WORK INSTRUCTION: Go over the entries below line by line, copying each one that contains the word "merge".
○ ○ ○
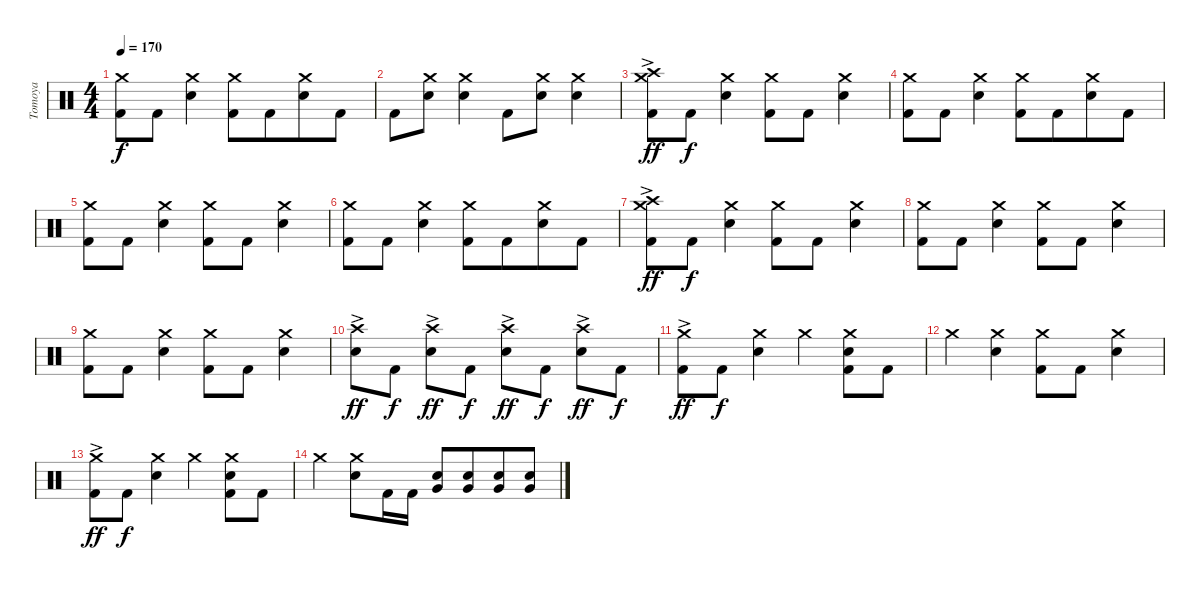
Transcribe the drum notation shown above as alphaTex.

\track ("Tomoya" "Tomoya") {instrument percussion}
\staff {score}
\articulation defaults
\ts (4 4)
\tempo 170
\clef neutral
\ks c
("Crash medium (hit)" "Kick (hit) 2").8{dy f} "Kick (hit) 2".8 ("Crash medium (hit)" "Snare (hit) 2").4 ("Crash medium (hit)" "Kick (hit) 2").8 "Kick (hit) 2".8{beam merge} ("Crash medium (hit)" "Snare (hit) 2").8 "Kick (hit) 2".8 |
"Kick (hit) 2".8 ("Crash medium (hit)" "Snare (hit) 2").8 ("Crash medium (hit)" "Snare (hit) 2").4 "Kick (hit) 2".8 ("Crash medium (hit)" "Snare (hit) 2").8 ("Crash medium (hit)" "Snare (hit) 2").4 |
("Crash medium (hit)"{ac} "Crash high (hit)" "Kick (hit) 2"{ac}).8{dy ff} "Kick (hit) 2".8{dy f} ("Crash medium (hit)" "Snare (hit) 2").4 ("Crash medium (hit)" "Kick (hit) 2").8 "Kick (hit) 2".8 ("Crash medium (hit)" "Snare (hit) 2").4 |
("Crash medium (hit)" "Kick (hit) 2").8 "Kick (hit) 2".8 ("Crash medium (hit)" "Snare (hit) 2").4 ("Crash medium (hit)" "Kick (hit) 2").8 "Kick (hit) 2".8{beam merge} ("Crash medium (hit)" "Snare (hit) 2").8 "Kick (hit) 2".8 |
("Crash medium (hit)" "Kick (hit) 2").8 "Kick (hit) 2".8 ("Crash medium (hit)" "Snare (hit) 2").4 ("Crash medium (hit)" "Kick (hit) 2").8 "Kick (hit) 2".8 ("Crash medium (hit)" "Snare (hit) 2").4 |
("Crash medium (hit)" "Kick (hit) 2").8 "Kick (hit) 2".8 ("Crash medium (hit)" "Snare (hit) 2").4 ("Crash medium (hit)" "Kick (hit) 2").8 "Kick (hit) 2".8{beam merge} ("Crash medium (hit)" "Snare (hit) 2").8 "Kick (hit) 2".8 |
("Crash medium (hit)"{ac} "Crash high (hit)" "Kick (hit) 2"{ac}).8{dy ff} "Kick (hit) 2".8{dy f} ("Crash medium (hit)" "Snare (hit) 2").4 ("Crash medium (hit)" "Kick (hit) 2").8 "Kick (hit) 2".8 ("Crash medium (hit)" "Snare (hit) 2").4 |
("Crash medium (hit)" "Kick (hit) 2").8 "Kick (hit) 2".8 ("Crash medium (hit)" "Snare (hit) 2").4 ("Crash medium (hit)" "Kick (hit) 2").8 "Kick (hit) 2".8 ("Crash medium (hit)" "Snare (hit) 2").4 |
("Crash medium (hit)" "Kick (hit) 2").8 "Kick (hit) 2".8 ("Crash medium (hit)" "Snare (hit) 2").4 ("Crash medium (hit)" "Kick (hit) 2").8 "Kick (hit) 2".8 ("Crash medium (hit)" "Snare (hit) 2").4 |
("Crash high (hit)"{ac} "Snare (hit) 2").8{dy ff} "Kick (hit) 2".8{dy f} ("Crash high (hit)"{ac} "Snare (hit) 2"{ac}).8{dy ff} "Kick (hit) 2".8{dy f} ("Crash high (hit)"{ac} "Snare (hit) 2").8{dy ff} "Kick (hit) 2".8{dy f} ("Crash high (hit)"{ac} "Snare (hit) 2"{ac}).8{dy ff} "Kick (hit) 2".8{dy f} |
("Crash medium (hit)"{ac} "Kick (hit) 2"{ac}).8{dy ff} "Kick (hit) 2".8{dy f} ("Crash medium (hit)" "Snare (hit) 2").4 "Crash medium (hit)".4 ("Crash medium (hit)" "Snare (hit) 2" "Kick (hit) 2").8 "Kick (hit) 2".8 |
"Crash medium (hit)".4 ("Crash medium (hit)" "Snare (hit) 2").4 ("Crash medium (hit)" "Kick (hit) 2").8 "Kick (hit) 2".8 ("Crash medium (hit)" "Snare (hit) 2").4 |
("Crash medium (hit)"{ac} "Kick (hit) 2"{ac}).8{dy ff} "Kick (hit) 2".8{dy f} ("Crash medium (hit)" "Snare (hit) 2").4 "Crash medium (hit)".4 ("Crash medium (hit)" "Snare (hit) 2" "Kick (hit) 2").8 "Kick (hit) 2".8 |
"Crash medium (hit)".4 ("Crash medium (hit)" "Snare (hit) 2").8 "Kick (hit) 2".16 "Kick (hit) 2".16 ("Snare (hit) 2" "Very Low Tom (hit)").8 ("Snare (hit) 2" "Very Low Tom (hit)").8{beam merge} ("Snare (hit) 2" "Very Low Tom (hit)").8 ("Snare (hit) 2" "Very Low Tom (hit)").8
○ ○ ○
SOLUTION TO THIS TASK:
("Crash medium (hit)" "Kick (hit) 2").8{dy f} "Kick (hit) 2".8 ("Crash medium (hit)" "Snare (hit) 2").4 ("Crash medium (hit)" "Kick (hit) 2").8 "Kick (hit) 2".8{beam merge} ("Crash medium (hit)" "Snare (hit) 2").8 "Kick (hit) 2".8 |
("Crash medium (hit)" "Kick (hit) 2").8 "Kick (hit) 2".8 ("Crash medium (hit)" "Snare (hit) 2").4 ("Crash medium (hit)" "Kick (hit) 2").8 "Kick (hit) 2".8{beam merge} ("Crash medium (hit)" "Snare (hit) 2").8 "Kick (hit) 2".8 |
("Crash medium (hit)" "Kick (hit) 2").8 "Kick (hit) 2".8 ("Crash medium (hit)" "Snare (hit) 2").4 ("Crash medium (hit)" "Kick (hit) 2").8 "Kick (hit) 2".8{beam merge} ("Crash medium (hit)" "Snare (hit) 2").8 "Kick (hit) 2".8 |
"Crash medium (hit)".4 ("Crash medium (hit)" "Snare (hit) 2").8 "Kick (hit) 2".16 "Kick (hit) 2".16 ("Snare (hit) 2" "Very Low Tom (hit)").8 ("Snare (hit) 2" "Very Low Tom (hit)").8{beam merge} ("Snare (hit) 2" "Very Low Tom (hit)").8 ("Snare (hit) 2" "Very Low Tom (hit)").8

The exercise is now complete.